And so it's quite interesting what you see from that now. You've seen the the president agent was faster than the president agent rag, basically. This is because it doesn't do the search.

How RAG Selects Knowledge Chunks

So what happens here, it

basically goes into the library and it sees who is the best knowledge chunk for this question.

So if you look at it, a chunk, I do so many words here, but a chunk, you basically think of it like a librarian, but the librarian only can can carry three sides, three pages per book.

So what it does, it searches for 10 times three pages. She can't carry more of one book. And it tries to find the most relevant three pages that there are in the whole library system.

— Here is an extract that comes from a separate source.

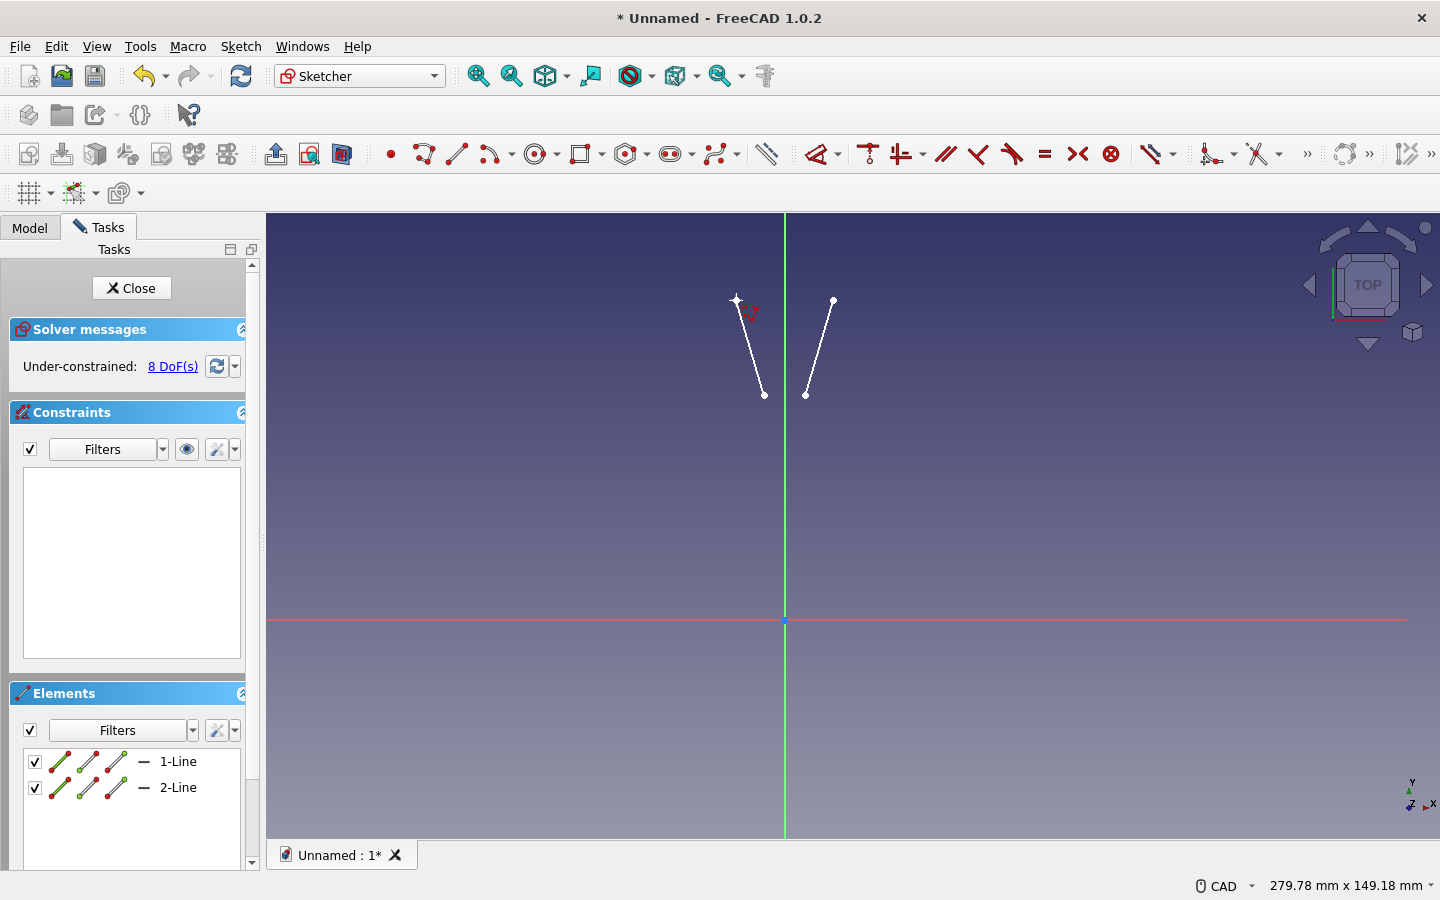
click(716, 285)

So from all the books there are, from all the information you have, it just always extracts three pages that match the question the best.

And this is this relevance score you see here. And based on that, it answers the question. So you see here, this one had quite a high relevance.

and then it's not so much. Sometimes it's good, sometimes it's bad, but this is, yeah, this makes it better or less.

And if you just throw it in the system prompt... All right, this one it didn't get, huh? All right, good.

Observations and Variance Across Models

So it's interesting that the other model was right. All right, so the only, the only, the only winner we have right now is the rack system, which is interesting.

So I haven't tested it on a QAM. I can change that quickly, maybe it gets better then.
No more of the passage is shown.